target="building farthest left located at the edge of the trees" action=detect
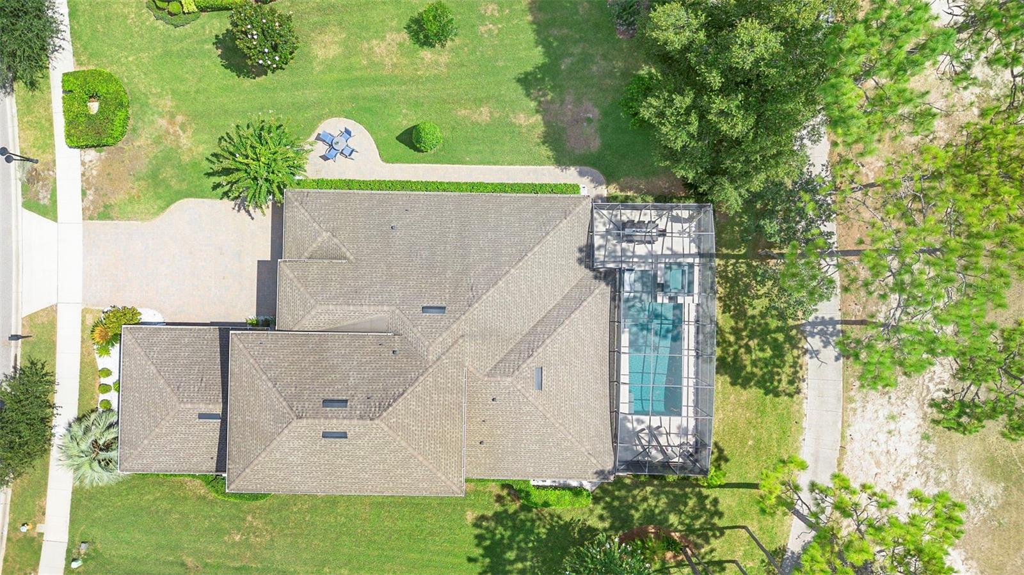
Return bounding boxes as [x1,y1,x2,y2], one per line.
[117,189,618,498]
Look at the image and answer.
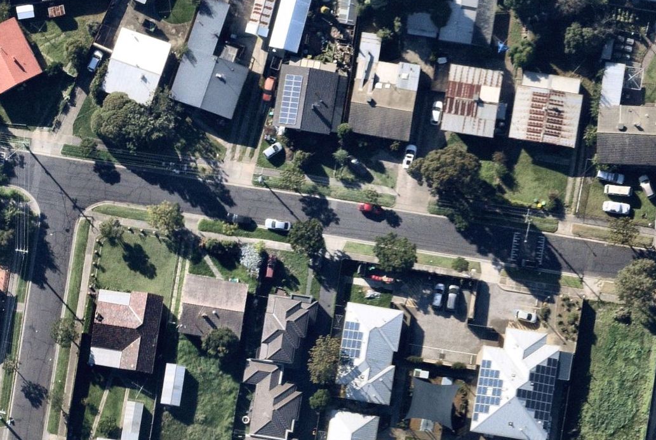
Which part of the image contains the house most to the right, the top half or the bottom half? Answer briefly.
top
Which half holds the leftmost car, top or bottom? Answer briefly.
top
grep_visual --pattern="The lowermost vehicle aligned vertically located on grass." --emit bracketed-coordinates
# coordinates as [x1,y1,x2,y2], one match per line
[263,253,277,281]
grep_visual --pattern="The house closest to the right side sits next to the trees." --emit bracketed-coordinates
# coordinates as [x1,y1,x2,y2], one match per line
[598,62,656,166]
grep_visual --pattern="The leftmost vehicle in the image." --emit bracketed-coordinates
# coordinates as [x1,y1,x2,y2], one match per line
[85,48,105,74]
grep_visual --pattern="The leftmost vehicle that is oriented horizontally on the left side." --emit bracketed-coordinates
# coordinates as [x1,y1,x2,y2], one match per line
[226,213,252,227]
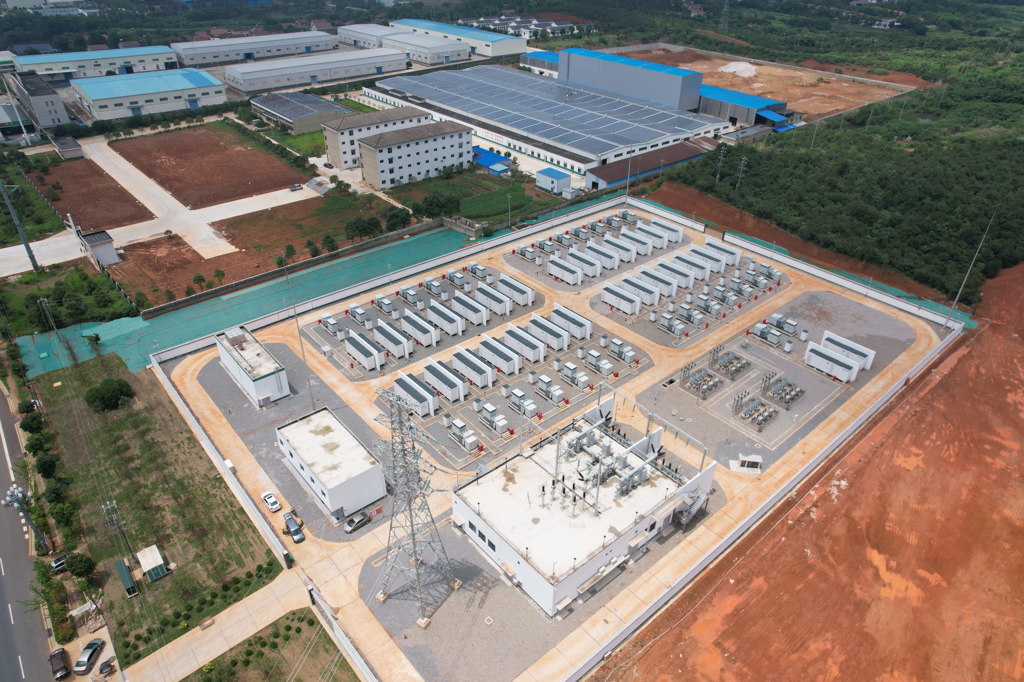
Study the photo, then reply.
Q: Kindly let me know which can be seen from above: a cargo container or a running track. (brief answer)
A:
cargo container
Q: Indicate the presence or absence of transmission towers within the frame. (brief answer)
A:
Yes
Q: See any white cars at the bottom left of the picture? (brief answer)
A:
Yes
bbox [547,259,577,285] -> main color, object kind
white shipping container
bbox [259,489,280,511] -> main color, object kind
white car
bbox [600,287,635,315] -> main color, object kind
white shipping container
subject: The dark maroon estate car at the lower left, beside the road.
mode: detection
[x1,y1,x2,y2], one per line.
[45,645,71,680]
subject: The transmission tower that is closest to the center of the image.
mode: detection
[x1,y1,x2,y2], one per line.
[368,390,462,618]
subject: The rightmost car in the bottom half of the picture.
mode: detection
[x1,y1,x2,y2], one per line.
[341,514,372,534]
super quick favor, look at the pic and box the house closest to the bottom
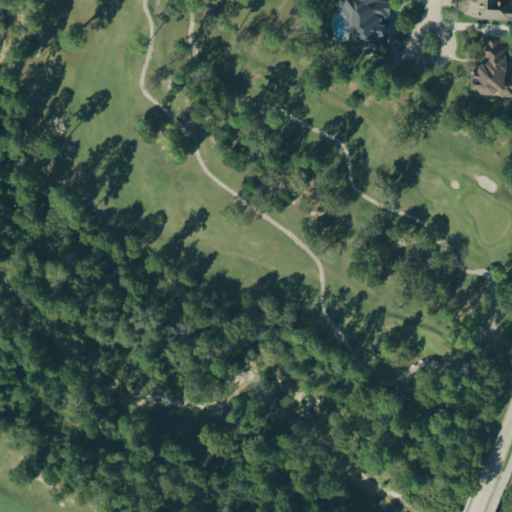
[472,36,512,97]
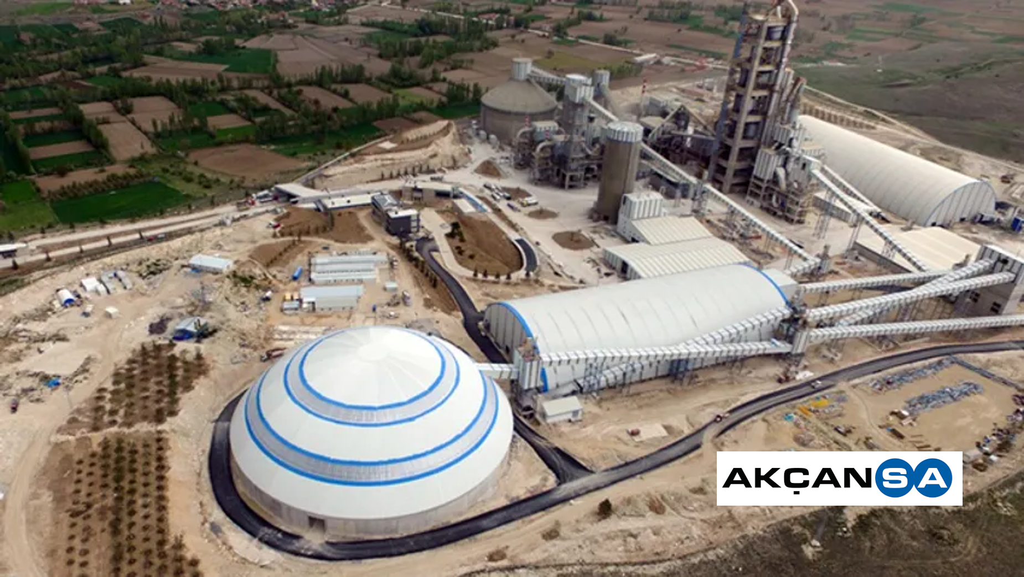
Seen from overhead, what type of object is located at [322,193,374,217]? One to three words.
building
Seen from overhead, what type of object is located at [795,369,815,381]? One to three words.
vehicle
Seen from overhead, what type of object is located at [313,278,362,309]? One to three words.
building
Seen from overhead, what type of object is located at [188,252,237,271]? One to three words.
shed
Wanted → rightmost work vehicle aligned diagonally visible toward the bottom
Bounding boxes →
[998,400,1022,418]
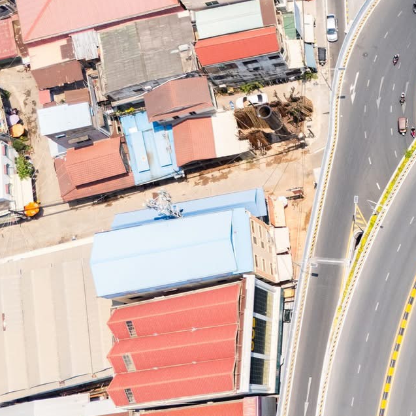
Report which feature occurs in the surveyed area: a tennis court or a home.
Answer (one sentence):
Looking from above, you can make out a home.
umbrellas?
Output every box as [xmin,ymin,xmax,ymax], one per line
[11,123,26,139]
[24,202,43,219]
[10,113,22,125]
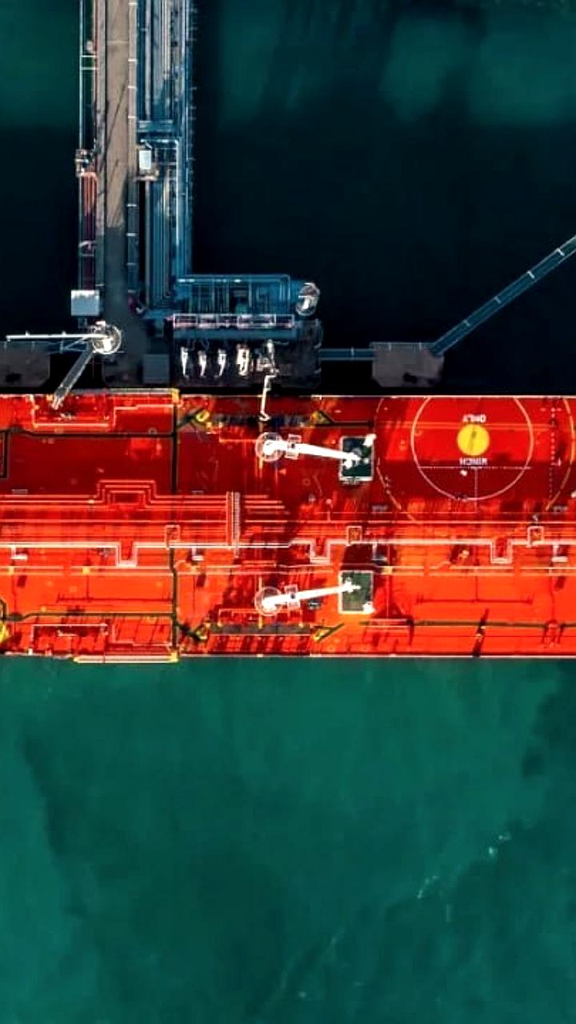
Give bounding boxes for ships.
[0,386,576,664]
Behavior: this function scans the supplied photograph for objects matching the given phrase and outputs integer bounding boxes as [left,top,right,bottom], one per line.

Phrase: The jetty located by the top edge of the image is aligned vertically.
[96,0,139,314]
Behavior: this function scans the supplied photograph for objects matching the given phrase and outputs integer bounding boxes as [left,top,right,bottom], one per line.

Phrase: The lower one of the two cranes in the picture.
[258,583,359,613]
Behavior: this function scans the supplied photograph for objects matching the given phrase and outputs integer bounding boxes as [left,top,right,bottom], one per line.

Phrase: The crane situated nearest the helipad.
[258,433,364,467]
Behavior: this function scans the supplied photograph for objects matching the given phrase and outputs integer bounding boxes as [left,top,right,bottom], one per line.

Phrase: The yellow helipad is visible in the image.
[373,399,574,524]
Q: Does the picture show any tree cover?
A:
No
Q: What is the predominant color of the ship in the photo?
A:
red
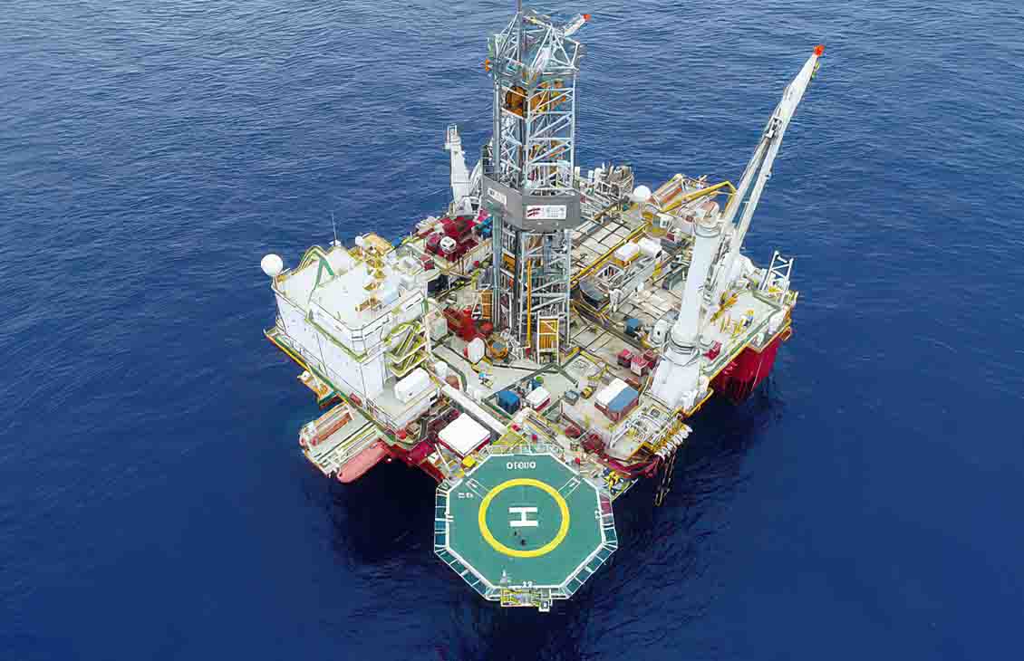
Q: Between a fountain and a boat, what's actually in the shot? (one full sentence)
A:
Visible in the photo is a boat.
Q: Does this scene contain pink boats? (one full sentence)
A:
Yes, looking at the shot, I can spot a pink boat.
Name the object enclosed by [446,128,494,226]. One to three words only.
crane
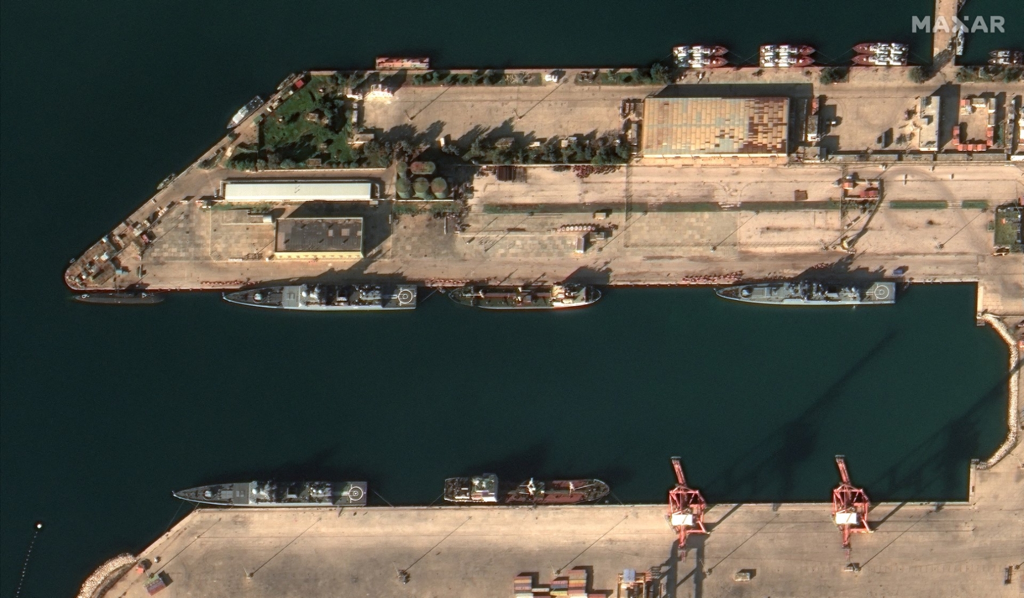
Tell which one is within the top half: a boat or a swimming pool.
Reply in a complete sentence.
It is a boat that can be seen within the top half.
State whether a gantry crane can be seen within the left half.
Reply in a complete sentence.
No, I can find no gantry crane within the left half.
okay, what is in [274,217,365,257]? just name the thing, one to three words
building
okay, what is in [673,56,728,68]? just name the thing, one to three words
boat
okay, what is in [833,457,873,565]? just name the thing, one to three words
container crane
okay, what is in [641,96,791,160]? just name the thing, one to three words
building
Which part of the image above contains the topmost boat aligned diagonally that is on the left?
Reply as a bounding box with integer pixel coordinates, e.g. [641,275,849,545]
[275,71,300,92]
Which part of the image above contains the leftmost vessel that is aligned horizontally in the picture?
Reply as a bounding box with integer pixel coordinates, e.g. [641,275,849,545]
[76,290,162,303]
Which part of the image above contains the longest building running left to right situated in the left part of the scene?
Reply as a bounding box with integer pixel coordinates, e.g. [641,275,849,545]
[225,184,372,200]
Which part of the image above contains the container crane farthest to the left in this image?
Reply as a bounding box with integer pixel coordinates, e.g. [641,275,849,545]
[618,570,652,598]
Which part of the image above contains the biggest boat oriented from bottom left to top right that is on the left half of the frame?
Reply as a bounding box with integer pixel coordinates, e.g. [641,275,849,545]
[228,94,267,130]

Your assignment: Among the lines above, find those containing the word "farthest" and copy each.

Your response:
target="building farthest left located at the edge of the trees" action=detect
Which part of the image above contains the container crane farthest to the left in this image?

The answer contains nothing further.